一方、西洋音楽では楽器によるソロがよく見られます。
インドのメロディー楽器
インド音楽の場合、メロディー楽器の多くは弦楽器で、代表的なのはシタールです。
シタールは、他のラーガにチューニングを変更できるよう、可動のフレットがついています。
その他にも、スルバハール(Surbahar)といういわゆる「ベースシタール」という楽器や、サロード(Sarod)というフレットなしの楽器もあります。
シタールやサロードはリュート系の撥弦楽器です。
ヴィーナ(Vina)はツィター系の楽器で、ひょうたん型の共鳴器がついています。
これらの楽器の多くは、その楽器の一部の弦だけがメロディーを弾き、その他の弦はメロディー以外を弾くために使います。

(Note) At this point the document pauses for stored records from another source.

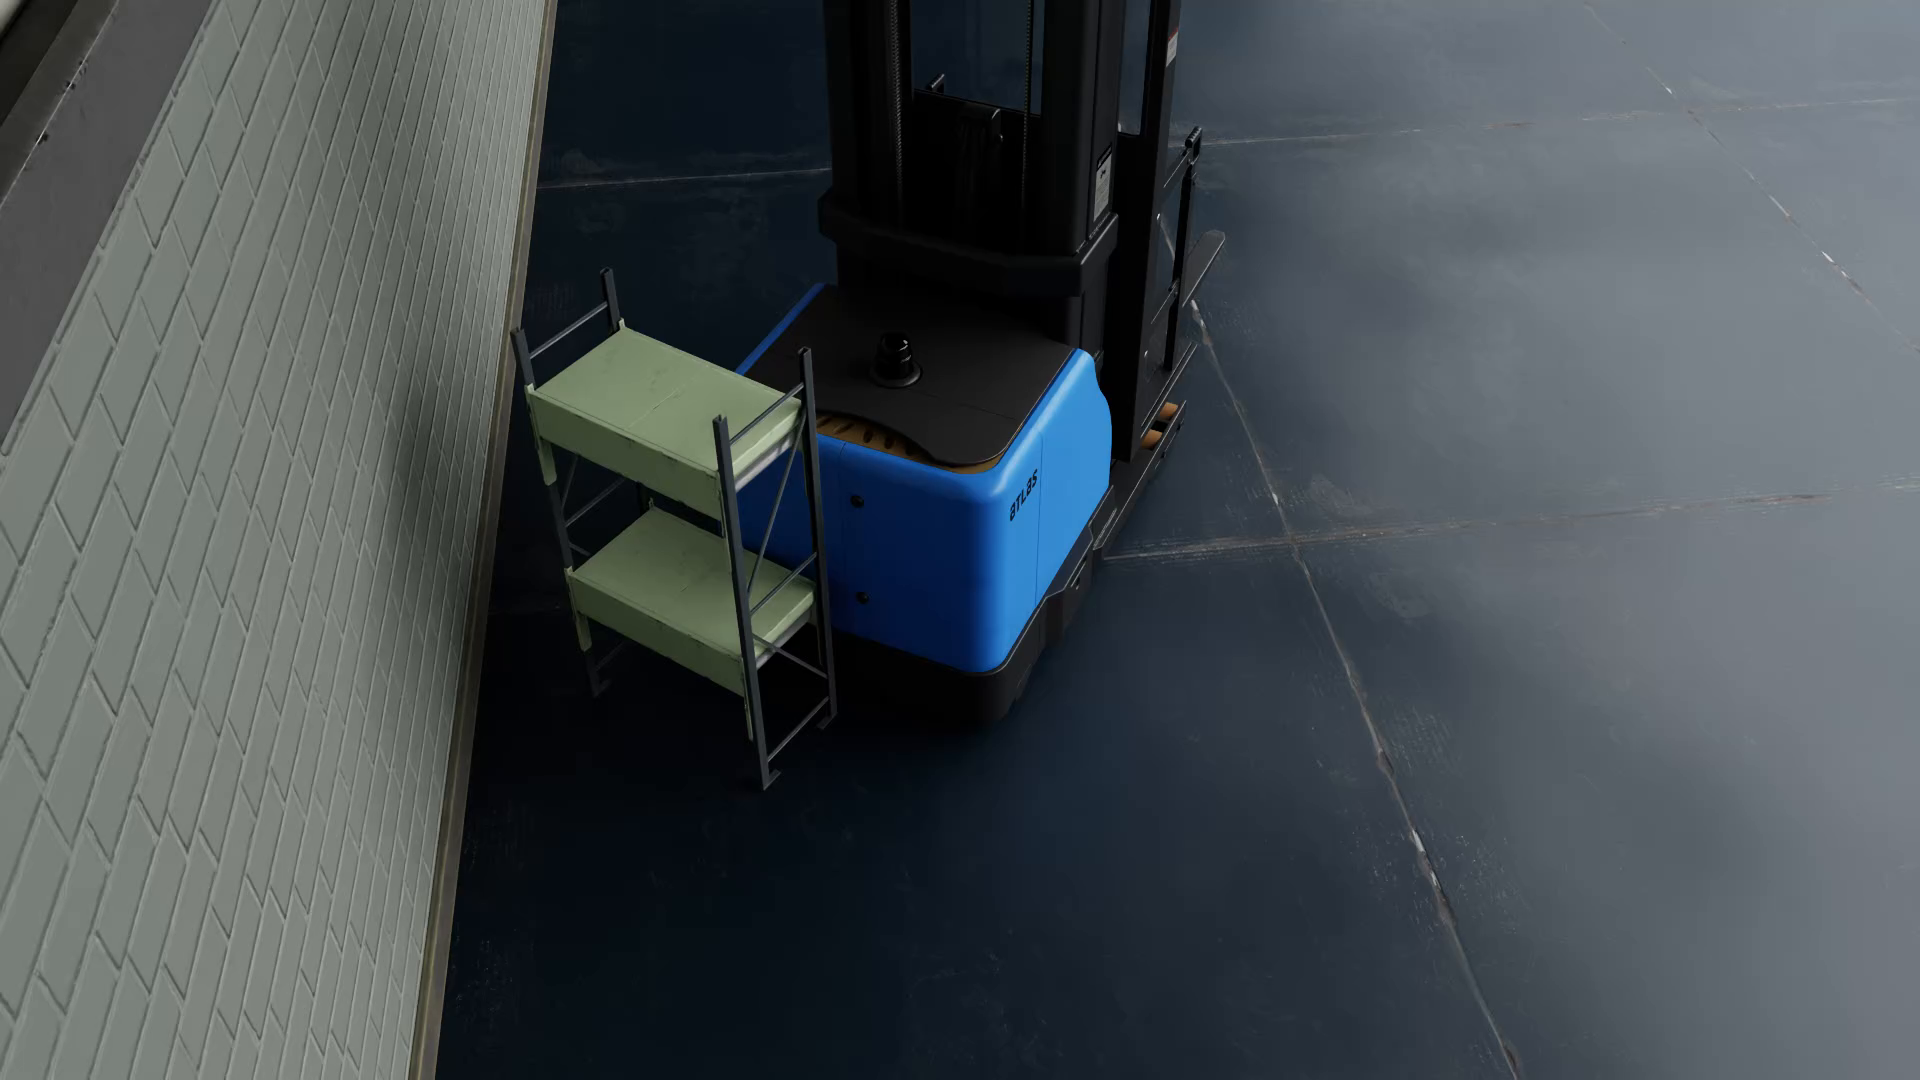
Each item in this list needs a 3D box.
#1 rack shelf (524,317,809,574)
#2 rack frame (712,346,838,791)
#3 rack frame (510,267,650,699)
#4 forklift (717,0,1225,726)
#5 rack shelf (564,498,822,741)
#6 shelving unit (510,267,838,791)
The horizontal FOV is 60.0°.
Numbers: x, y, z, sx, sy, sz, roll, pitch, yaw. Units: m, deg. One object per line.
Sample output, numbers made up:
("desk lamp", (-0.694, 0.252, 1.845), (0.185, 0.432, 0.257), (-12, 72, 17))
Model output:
("rack shelf", (-0.837, -0.288, 4.867), (0.720, 0.370, 0.431), (24, 47, 24))
("rack frame", (-0.531, 0.136, 4.979), (0.023, 1.500, 0.400), (24, 47, 24))
("rack frame", (-1.143, -0.133, 5.278), (0.023, 1.500, 0.400), (24, 47, 24))
("forklift", (0.256, -1.468, 5.689), (1.130, 2.935, 3.031), (17, 45, 18))
("rack shelf", (-0.837, 0.244, 5.347), (0.720, 0.370, 0.431), (24, 47, 24))
("shelving unit", (-0.837, 0.001, 5.129), (0.755, 1.500, 0.431), (24, 47, 24))

メロディー用の弦以外では、ドローンやリズムを弾いたり、他の弦が鳴った時に共振させるためにわざと弾かないなどの使い方があります。
こういった楽器の使い方により、インド音楽独自の「ジリジリとした弦楽器の音」が作れるのです。
ソロの弦楽器としてはあまり使われませんが、その他にもバンブーフルート(バンスリやヴェーヌ、Bansuri, Venu)などが使われます。

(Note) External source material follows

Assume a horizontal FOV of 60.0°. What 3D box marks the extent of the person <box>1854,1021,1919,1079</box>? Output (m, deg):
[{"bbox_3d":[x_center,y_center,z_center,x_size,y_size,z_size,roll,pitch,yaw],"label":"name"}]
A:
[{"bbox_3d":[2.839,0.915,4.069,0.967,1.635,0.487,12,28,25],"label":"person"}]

西洋音楽の楽器では、特にバイオリンがよく使われます。
インドのリズム楽器
リズム伴奏楽器として一般的に使われるのはタブラ(Tabla)です。
小さな2つの太鼓で、手で叩いて演奏します。
タブラは楽器の横にあるくさび(ウェッジ)を叩いて、ラーガに沿ったチューニングを行います。
スティックやビーターなどではなく手で叩いて演奏するため、より感情的に演奏したり、細かいニュアンスを表現したり、複雑な演奏をすることができます。

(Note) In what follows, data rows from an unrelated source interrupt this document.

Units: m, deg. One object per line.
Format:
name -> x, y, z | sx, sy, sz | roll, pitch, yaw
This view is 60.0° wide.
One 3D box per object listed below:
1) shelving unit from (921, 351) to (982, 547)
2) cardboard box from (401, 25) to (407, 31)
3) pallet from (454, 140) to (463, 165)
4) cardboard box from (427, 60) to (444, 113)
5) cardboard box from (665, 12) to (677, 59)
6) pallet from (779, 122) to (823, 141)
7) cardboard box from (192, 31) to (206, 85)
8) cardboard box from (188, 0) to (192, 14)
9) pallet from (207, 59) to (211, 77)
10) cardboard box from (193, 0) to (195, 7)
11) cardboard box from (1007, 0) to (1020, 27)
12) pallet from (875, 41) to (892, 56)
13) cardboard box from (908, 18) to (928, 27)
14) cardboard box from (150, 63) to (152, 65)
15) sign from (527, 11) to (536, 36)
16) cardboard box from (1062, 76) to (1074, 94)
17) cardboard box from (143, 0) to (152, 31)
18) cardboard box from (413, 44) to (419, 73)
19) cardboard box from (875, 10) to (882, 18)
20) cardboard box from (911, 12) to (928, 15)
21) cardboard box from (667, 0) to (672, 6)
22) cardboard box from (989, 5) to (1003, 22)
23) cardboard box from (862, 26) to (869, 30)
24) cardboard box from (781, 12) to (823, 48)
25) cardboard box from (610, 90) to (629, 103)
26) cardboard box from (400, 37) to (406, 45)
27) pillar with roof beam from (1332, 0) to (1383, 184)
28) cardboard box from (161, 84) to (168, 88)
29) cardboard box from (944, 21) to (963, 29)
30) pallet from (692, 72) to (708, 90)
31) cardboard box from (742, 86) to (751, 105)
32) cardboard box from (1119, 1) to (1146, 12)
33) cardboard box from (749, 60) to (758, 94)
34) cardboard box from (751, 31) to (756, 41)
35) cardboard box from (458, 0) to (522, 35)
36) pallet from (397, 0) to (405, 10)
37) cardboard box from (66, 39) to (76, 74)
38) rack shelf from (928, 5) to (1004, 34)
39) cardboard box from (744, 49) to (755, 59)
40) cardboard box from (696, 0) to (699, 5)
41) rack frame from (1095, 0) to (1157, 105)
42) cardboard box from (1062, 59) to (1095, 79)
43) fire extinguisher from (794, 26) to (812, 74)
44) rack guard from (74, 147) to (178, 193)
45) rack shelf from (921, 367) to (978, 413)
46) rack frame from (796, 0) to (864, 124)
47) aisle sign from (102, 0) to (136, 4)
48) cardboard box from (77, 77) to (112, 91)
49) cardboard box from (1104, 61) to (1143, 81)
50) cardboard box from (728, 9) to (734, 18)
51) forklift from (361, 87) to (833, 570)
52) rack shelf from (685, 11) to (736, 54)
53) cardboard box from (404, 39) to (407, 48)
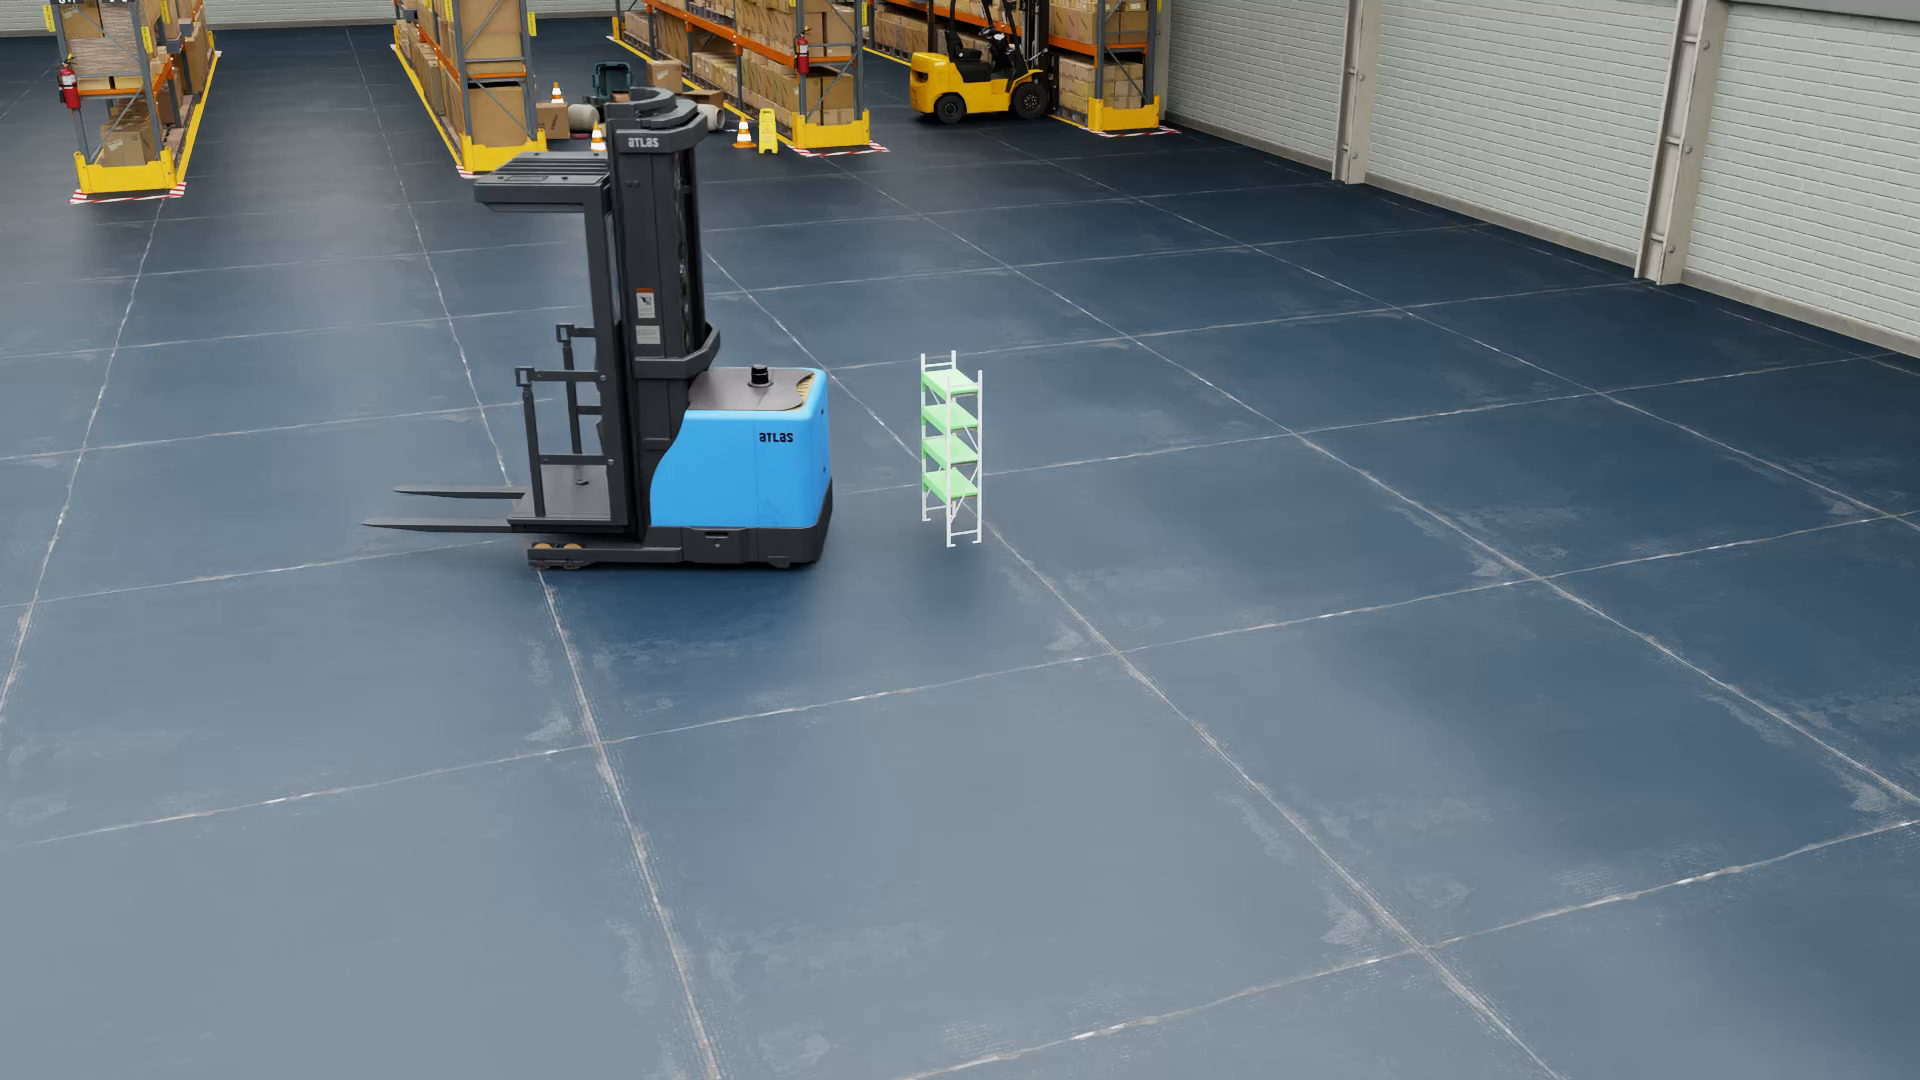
shelving unit -> -0.058, -0.613, 11.160 | 0.258, 1.200, 0.503 | -8, 24, -19
cardboard box -> -11.862, -11.026, 35.911 | 0.380, 0.149, 0.250 | -8, 24, -18
pallet -> -6.916, -5.765, 24.657 | 1.003, 0.211, 1.213 | -8, 24, -19
cardboard box -> -8.277, -7.594, 27.761 | 1.050, 0.750, 0.750 | -8, 24, -19
cardboard box -> -5.584, -10.520, 34.542 | 0.875, 0.875, 0.875 | -8, 24, -17
pallet -> -2.246, -6.529, 26.469 | 1.003, 0.211, 1.213 | -8, 24, -19
cardboard box -> -14.595, -8.827, 30.525 | 1.225, 0.875, 0.875 | -8, 24, -19
cardboard box -> -14.887, -10.220, 31.507 | 0.500, 0.500, 0.500 | -8, 24, -17
pallet -> -15.671, -9.489, 33.492 | 1.003, 0.211, 1.213 | -8, 24, -19
cardboard box -> -15.362, -10.620, 32.908 | 0.380, 0.149, 0.250 | -9, 25, -21
cardboard box -> 1.176, -9.471, 29.731 | 0.500, 0.500, 0.500 | -9, 24, -20
pallet -> -1.240, -10.954, 36.967 | 1.003, 0.211, 1.213 | -8, 24, -19
cardboard box -> -0.877, -10.950, 35.211 | 0.380, 0.149, 0.250 | -9, 24, -20
cardboard box -> -11.562, -6.601, 23.372 | 0.380, 0.149, 0.250 | -8, 24, -19
sign -> -6.039, -7.280, 23.444 | 0.100, 0.325, 0.005 | -8, 24, -19
cardboard box -> 2.045, -7.643, 27.878 | 0.500, 0.250, 0.500 | -9, 24, -20
cardboard box -> -11.346, -7.191, 22.649 | 0.500, 0.500, 0.500 | -8, 24, -19
cardboard box -> -10.246, -9.301, 32.134 | 0.500, 0.500, 0.500 | -9, 25, -21
cardboard box -> -1.684, -11.703, 36.996 | 0.380, 0.149, 0.250 | -7, 24, -16
cardboard box -> -0.855, -11.504, 36.525 | 0.380, 0.149, 0.250 | -10, 25, -22
cardboard box -> -5.571, -10.841, 33.302 | 0.500, 0.250, 0.500 | -9, 24, -20
cardboard box -> 0.841, -9.700, 30.596 | 0.500, 0.250, 0.500 | -8, 24, -18
cardboard box -> -2.160, -11.755, 38.256 | 0.396, 0.266, 0.258 | -7, 24, -17
cardboard box -> -2.415, -7.829, 25.451 | 0.500, 0.500, 0.500 | -9, 24, -20
cardboard box -> -5.292, -7.028, 27.102 | 0.797, 0.637, 0.503 | -8, 24, -19
cardboard box -> -12.076, -10.949, 36.494 | 0.380, 0.149, 0.250 | -8, 24, -18
pillar with roof beam -> 1.366, -8.539, 19.924 | 9.100, 9.000, 0.400 | -8, 24, -19
cardboard box -> -12.997, -7.033, 26.726 | 0.700, 0.500, 0.500 | -8, 24, -19
cardboard box -> -0.111, -10.749, 34.733 | 0.380, 0.149, 0.250 | -8, 24, -17
pallet -> -4.517, -8.824, 31.914 | 1.003, 0.211, 1.213 | -8, 24, -19
cardboard box -> -3.423, -7.615, 28.455 | 0.500, 0.250, 0.500 | -10, 25, -21
cardboard box -> 2.800, -8.673, 27.001 | 0.380, 0.149, 0.250 | -9, 24, -20
cardboard box -> -3.222, -7.768, 27.851 | 0.500, 0.500, 0.500 | -7, 24, -17
cardboard box -> -3.252, -8.394, 27.627 | 0.380, 0.149, 0.250 | -8, 24, -17
cardboard box -> -6.655, -7.477, 23.545 | 0.875, 0.550, 0.550 | -8, 24, -19
pallet -> -10.666, -10.745, 33.128 | 1.003, 0.211, 1.213 | -8, 24, -19
cardboard box -> -11.694, -6.679, 22.722 | 0.875, 0.500, 0.500 | -8, 24, -19
rack shelf -> 0.557, -10.017, 32.081 | 1.077, 0.370, 4.000 | -8, 24, -19
cardboard box -> -3.435, -8.206, 28.056 | 0.380, 0.149, 0.250 | -8, 24, -18
cardboard box -> -4.729, -10.114, 31.168 | 0.380, 0.149, 0.250 | -10, 25, -22
rack frame -> 2.677, -8.169, 26.769 | 1.000, 3.000, 0.127 | -8, 24, -19
cardboard box -> 2.037, -7.865, 27.761 | 0.500, 0.250, 0.500 | -8, 24, -18
fire extinguisher -> -2.356, -7.346, 24.917 | 0.296, 0.674, 0.183 | -8, 24, -19
rack guard -> -11.263, -5.003, 22.475 | 1.175, 0.500, 0.348 | -8, 24, -19
rack shelf -> -0.058, -0.996, 10.998 | 0.258, 0.148, 0.480 | -8, 24, -19
rack frame -> -1.965, -7.486, 25.150 | 1.000, 3.000, 0.127 | -8, 24, -19
aisle sign -> -10.934, -7.343, 21.464 | 0.394, 0.787, 0.004 | -8, 24, -19
cardboard box -> -11.530, -6.086, 22.152 | 0.380, 0.149, 0.250 | -8, 24, -19
cardboard box -> 2.684, -7.757, 27.504 | 0.500, 0.250, 0.500 | -9, 24, -20
cardboard box -> -3.818, -9.167, 28.919 | 0.380, 0.149, 0.250 | -8, 24, -18
forklift -> -2.414, -1.361, 10.705 | 3.031, 2.935, 1.130 | 1, 23, 2
rack shelf -> -4.085, -9.335, 30.462 | 1.077, 0.370, 4.000 | -8, 24, -19
cardboard box -> -11.427, -10.410, 34.834 | 0.380, 0.149, 0.250 | -9, 25, -21

打楽器ではあるものの、熟練のミュージシャンであれば、リスナーにはまるでボーカルのフレーズを聞いているような感覚にさせることができます。
楽曲構成
インド音楽には様々なスタイルの楽曲のスタイルがありますが、多くに共通しているのは「楽曲に3つのセクションがある」という点です。
いわゆる「イントロ」部分はアーラープ(Alap)。
とても長く、ゆっくりで、自由なリズムで伴奏を行うセクションです。
ここでは、演奏者はラーガをだんだんと聞かせていきます。
西洋のロックやポップスなどのリズムに慣れてしまっているリスナーにとっては非常に理解しにくいところではありますが、インド音楽を理解している人であれば、このセクションはその演奏者のミュージシャンシップが最もはっきりわかるになります。
次は「ガート(Gat)」で、打楽器を使ってターラ(リズムの一定サイクル)を使う部分です。
ここで楽曲のリズムを見せていき、より動的なサウンドになります。
ジョール(Jor)もガートと同じで「イントロ後にリズムがだんだん出てくる部分」ですが、ガートと違ってターラは使わず、低音弦楽器であるチカリ(Chikari)などを使って、より楽曲を動的にしていきます。
最後の「ジャーラ(Jhala)」では打楽器が入り、音楽はより速く、リズム的に複雑になっていき、クライマックスに向けて盛り上がっていきます。
最後は、Part4でも解説した「ティハイ(Tihai)」を使って曲を締めます。
この3つのセクションでは、基本的に即興で演奏されます。
最後のセクションでは、ソリストと打楽器奏者の間で密なコミュニケーション、協力、相互作用を引き起こして演奏します。
以上がインド音楽の解説でした!
特徴やルールがたくさんあるので全てを再現するのは大変かもしれませんが、一つでもご自身の楽曲に取り入れれば「インド音楽っぽさ」が加わるはずですので、ぜひトライしてみてください。